Но и те броненосцы, крейсера и миноносцы, которые могли и двигаться, и стрелять, и выпускать из минных аппаратов мины, и ставить минные заграждения в своих водах, и устраивать всякие каверзы из мин в чужих, — если и делали все это, то делали это без заметного увлечения, очень редко видя перед собой противника. Однажды только, после озорничества «Гебена», которого турки перекрестили в «Селима», слышен был по морю ночью гул отдаленной канонады, и потом говорили, что это наш крейсерский отряд столкнулся с турецкими крейсерами и обратил их в бегство. Иногда наши миноносцы отправлялись «пошарпать берега Анатолии», и потом объявлялось, что потопили столько-то фелюг. Но всю эту морскую войну, которую вел севастопольский флот, нельзя было назвать иначе, как зауряд-войной.

И теперь, отбывший свое дежурство на вокзале и подходивший в свисте боры, радостном колокольном звоне и плеске трехцветных флагов к дому Думитраки на Малой Офицерской, где он жил, прапорщик Ливенцев шутливо, но, как ему казалось, очень близко к истине думал, что вот в этот город смотреть зауряд-полки, приготовленные к доблестному убою, приехал зауряд-царь.

III

Едва Ливенцев пришел домой, как его встретила Марья Тимофеевна, вся — восторг и сияние:

— Я тоже только сейчас пришла! Ну, совсем, совсем шагах в пяти от меня государь в автомобиле проехал!.. Хотя не сказать бы (тут она понизила голос), что очень он красивый… Только вы, пожалуйста, никому не говорите, что вам скажу сейчас! Не скажете?

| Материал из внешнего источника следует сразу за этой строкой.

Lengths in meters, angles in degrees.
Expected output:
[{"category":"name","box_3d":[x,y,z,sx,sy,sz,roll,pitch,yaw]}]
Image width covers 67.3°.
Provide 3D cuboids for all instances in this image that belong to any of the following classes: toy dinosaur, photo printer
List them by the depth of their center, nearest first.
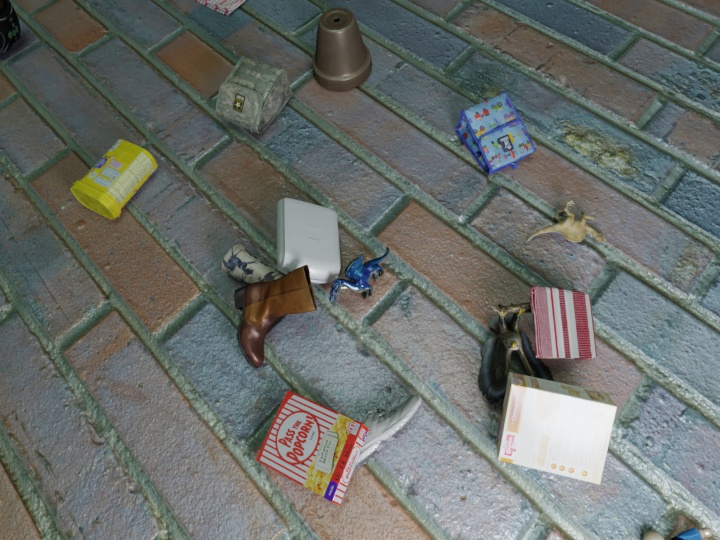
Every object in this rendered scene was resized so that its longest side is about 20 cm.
[{"category":"photo printer","box_3d":[-0.128,-0.067,1.325,0.161,0.070,0.206,12,55,-26]},{"category":"toy dinosaur","box_3d":[0.512,-0.114,1.337,0.192,0.059,0.104,4,61,7]}]

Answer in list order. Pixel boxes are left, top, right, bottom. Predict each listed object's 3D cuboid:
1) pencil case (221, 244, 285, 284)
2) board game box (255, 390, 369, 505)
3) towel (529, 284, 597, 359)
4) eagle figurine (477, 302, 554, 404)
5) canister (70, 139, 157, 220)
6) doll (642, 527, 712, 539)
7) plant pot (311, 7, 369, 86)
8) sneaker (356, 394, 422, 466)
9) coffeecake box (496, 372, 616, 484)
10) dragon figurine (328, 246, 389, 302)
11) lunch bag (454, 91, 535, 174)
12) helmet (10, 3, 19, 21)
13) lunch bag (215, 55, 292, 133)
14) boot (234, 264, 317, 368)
[{"category":"pencil case","box_3d":[-0.250,0.009,1.323,0.196,0.089,0.080,30,94,21]},{"category":"board game box","box_3d":[-0.097,0.353,1.095,0.194,0.047,0.155,14,68,29]},{"category":"towel","box_3d":[0.433,0.113,1.151,0.194,0.022,0.150,7,76,-34]},{"category":"eagle figurine","box_3d":[0.330,0.175,1.165,0.149,0.148,0.209,-9,86,46]},{"category":"canister","box_3d":[-0.682,-0.259,1.512,0.144,0.088,0.203,22,63,17]},{"category":"doll","box_3d":[0.604,0.528,0.962,0.195,0.049,0.139,22,74,24]},{"category":"plant pot","box_3d":[-0.062,-0.690,1.654,0.192,0.177,0.207,-2,58,3]},{"category":"sneaker","box_3d":[0.043,0.314,1.120,0.197,0.076,0.083,-34,64,-14]},{"category":"coffeecake box","box_3d":[0.375,0.303,1.054,0.192,0.073,0.160,10,100,11]},{"category":"dragon figurine","box_3d":[0.000,0.000,1.294,0.098,0.059,0.204,35,73,-9]},{"category":"lunch bag","box_3d":[0.375,-0.360,1.488,0.146,0.095,0.205,-23,73,-10]},{"category":"helmet","box_3d":[-1.270,-0.843,1.842,0.194,0.190,0.207,15,59,-26]},{"category":"lunch bag","box_3d":[-0.324,-0.516,1.613,0.160,0.118,0.204,23,70,16]},{"category":"boot","box_3d":[-0.182,0.106,1.219,0.193,0.068,0.196,-15,71,18]}]

— Буду молчать, как могила, — обещал Ливенцев.

— Вы знаете, оказался он совсем рыжий!.. Рыжий! — повторила она почти шепотом. — А я таких рыжих вот до чего не люблю!.. Вы никому не скажете?

— Ну, зачем же мне говорить кому-нибудь, что вы рыжих не любите? — удивился Ливенцев. — Наконец, это ведь ваше частное дело.

— Нет, все-таки, не дай бог, полиция узнает, ведь мне что за это быть может!.. И потом оказался у него нос совсем маленький какой-то… Что же это за мужчина такой, когда нос маленький? И даже будто бы, мне так показалось, курносый…

— Одним словом, я вижу, царь вам не понравился.

— Николай Иваныч! Что же это вы так громко? — зашептала совсем испуганно Марья Тимофеевна. — Ну, я вовсе не буду говорить в таком случае ничего больше!

По-видимому, из кокетства, — так по крайней мере казалось Ливенцеву, — она иногда коверкала самые обыкновенные слова, и теперь тоже вместо слова «больше» у нее вышло «польше».

Ливенцев счел нужным ее успокоить:

— Уверяю вас, Марья Тимофеевна, нас не подслушивает теперь ни один полицейский. Прежде всего им теперь совсем не до нас, — не так ли?